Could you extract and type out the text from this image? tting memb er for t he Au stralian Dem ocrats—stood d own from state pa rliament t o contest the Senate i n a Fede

...

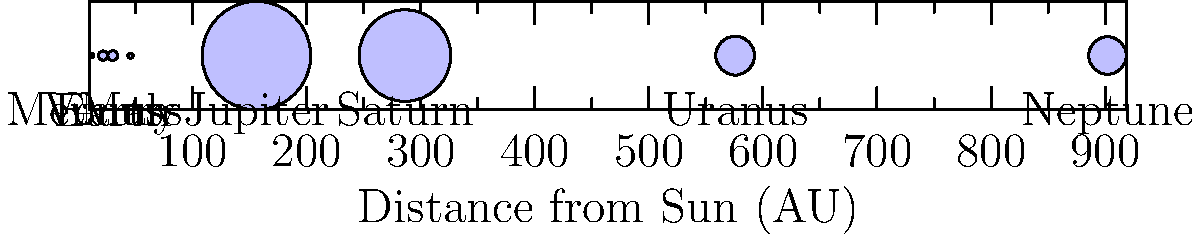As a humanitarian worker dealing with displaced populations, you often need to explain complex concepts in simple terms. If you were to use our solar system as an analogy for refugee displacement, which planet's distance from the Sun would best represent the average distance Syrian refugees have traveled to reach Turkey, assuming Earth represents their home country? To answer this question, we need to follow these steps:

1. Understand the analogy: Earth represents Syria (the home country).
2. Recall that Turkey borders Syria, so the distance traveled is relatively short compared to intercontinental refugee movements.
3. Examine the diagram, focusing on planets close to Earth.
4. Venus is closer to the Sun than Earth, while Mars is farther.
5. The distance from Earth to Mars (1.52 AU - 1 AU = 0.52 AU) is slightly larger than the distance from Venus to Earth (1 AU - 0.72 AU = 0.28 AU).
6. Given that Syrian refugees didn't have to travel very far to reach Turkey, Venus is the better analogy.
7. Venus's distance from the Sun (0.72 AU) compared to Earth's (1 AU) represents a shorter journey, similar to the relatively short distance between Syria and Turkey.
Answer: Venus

## What you should do
Copy the lines of the entries above that mention "Mars".

## Result
4. Venus is closer to the Sun than Earth, while Mars is farther.
5. The distance from Earth to Mars (1.52 AU - 1 AU = 0.52 AU) is slightly larger than the distance from Venus to Earth (1 AU - 0.72 AU = 0.28 AU).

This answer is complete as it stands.